- [The task] Check every line in the listing below for "bounding". Copy the ones where it occurs.
+ + + +
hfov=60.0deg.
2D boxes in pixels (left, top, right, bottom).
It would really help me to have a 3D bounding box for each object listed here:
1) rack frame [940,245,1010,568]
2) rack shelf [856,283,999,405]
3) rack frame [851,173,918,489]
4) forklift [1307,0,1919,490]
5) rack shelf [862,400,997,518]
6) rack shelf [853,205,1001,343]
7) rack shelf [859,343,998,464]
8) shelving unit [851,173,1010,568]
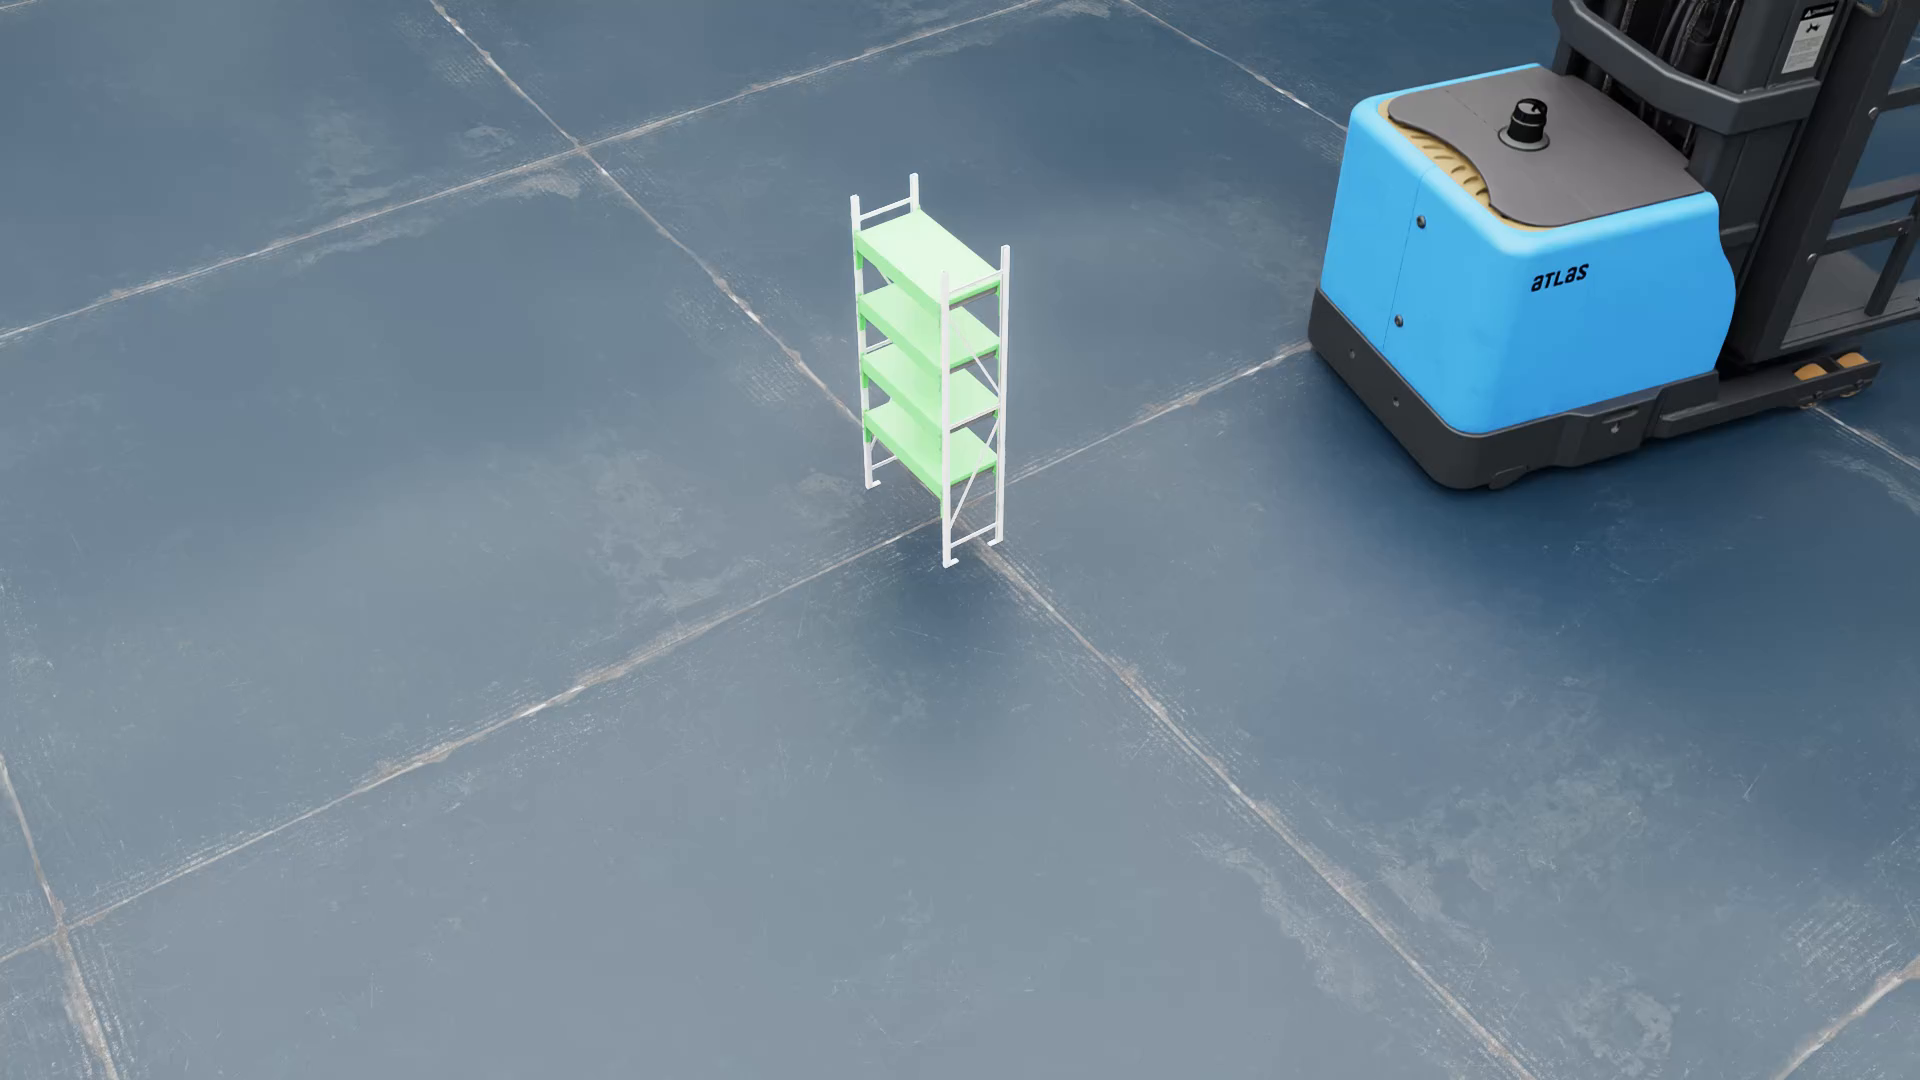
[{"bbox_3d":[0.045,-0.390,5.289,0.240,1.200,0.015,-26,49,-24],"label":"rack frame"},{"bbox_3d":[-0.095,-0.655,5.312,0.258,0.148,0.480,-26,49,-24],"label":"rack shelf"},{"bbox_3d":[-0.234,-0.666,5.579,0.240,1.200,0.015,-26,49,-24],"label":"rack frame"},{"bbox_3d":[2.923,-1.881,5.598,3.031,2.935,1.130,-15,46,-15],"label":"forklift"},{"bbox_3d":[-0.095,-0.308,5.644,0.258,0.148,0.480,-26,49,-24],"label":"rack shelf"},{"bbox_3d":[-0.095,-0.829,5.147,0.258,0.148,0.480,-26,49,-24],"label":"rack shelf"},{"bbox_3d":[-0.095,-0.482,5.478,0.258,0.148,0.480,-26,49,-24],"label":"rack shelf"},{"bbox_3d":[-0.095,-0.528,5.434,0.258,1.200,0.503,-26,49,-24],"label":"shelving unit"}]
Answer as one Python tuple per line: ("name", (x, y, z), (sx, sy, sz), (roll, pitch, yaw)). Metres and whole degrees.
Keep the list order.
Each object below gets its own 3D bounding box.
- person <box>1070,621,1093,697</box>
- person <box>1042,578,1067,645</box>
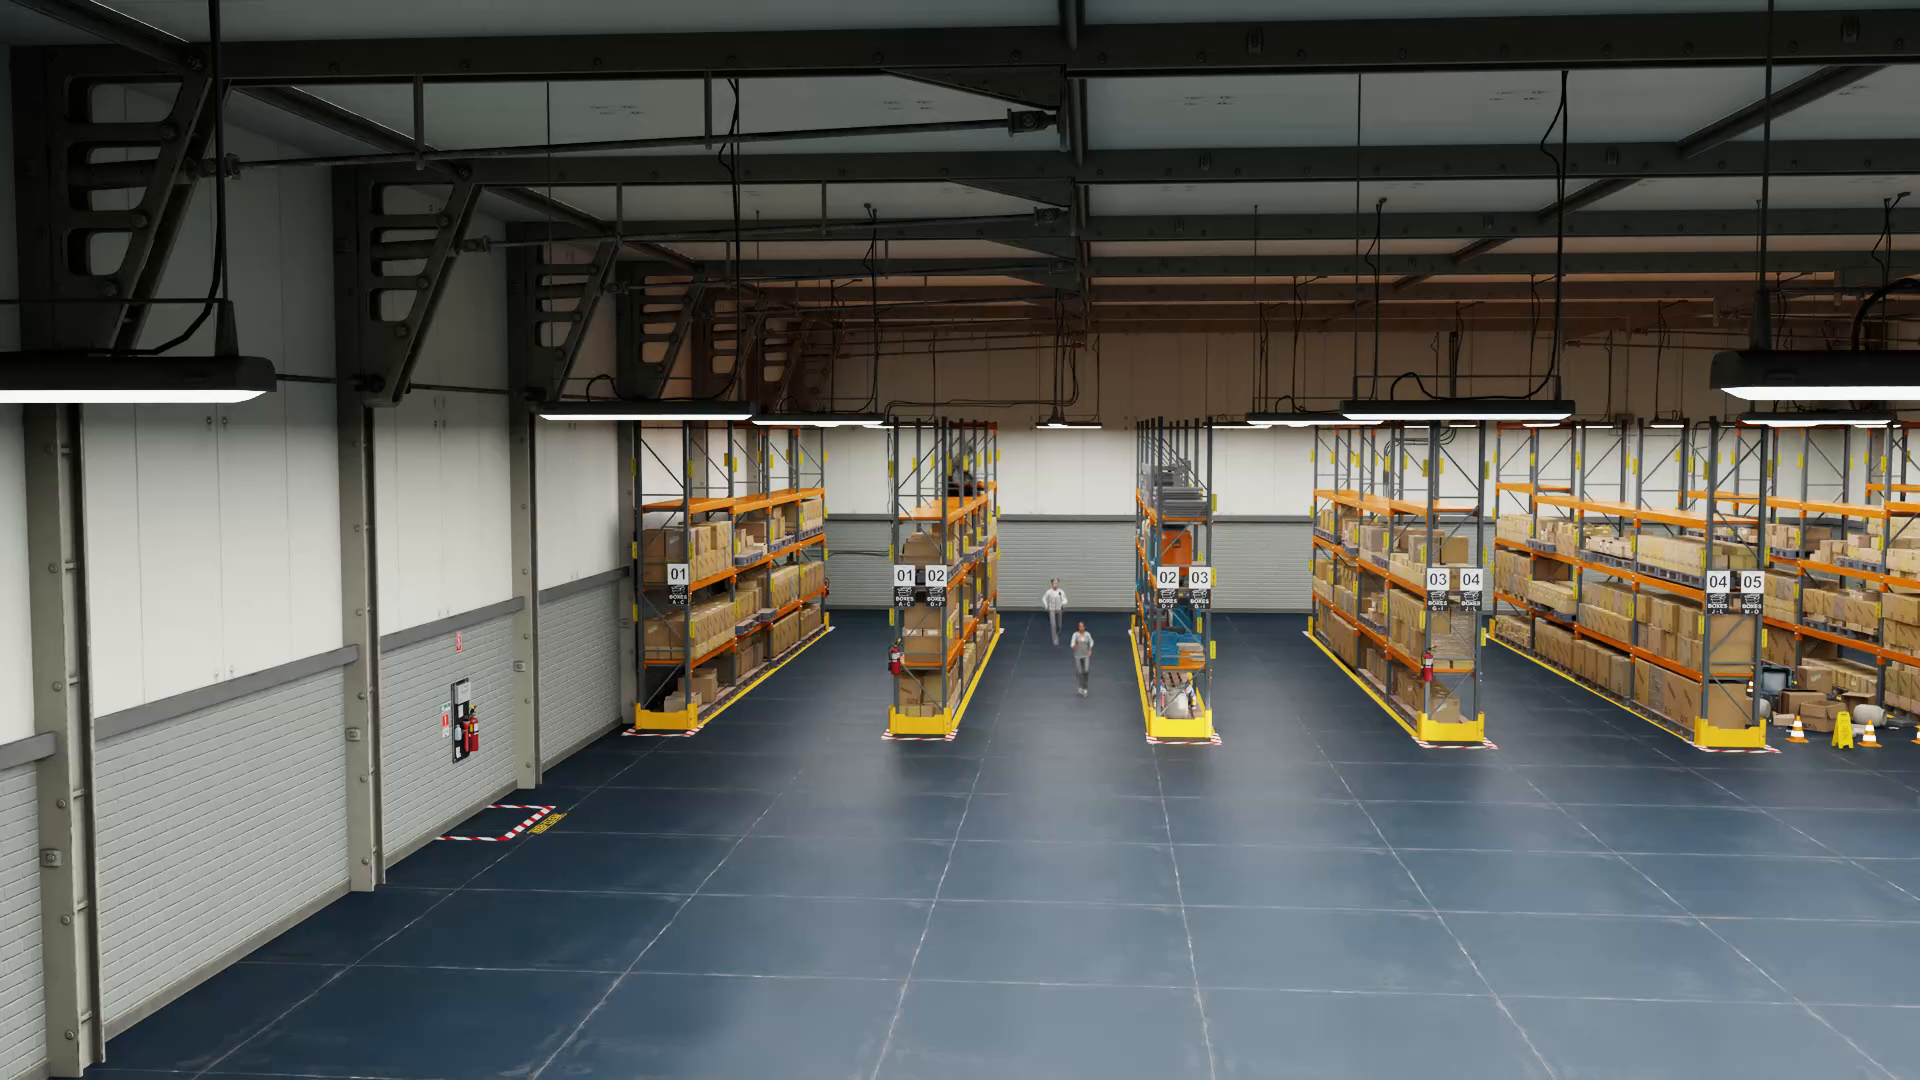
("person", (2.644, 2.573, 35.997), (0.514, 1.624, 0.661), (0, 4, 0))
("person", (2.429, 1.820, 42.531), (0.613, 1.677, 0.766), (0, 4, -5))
+ + + +
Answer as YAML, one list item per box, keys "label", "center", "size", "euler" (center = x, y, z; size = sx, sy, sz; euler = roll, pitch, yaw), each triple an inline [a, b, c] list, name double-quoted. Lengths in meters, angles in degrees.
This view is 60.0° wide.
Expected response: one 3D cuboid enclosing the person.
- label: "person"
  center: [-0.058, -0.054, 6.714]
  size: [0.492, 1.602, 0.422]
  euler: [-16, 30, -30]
+ + + +
- [Answer for the task]
It would really help me to have a 3D bounding box for each object listed here:
Each object below gets its own 3D bounding box.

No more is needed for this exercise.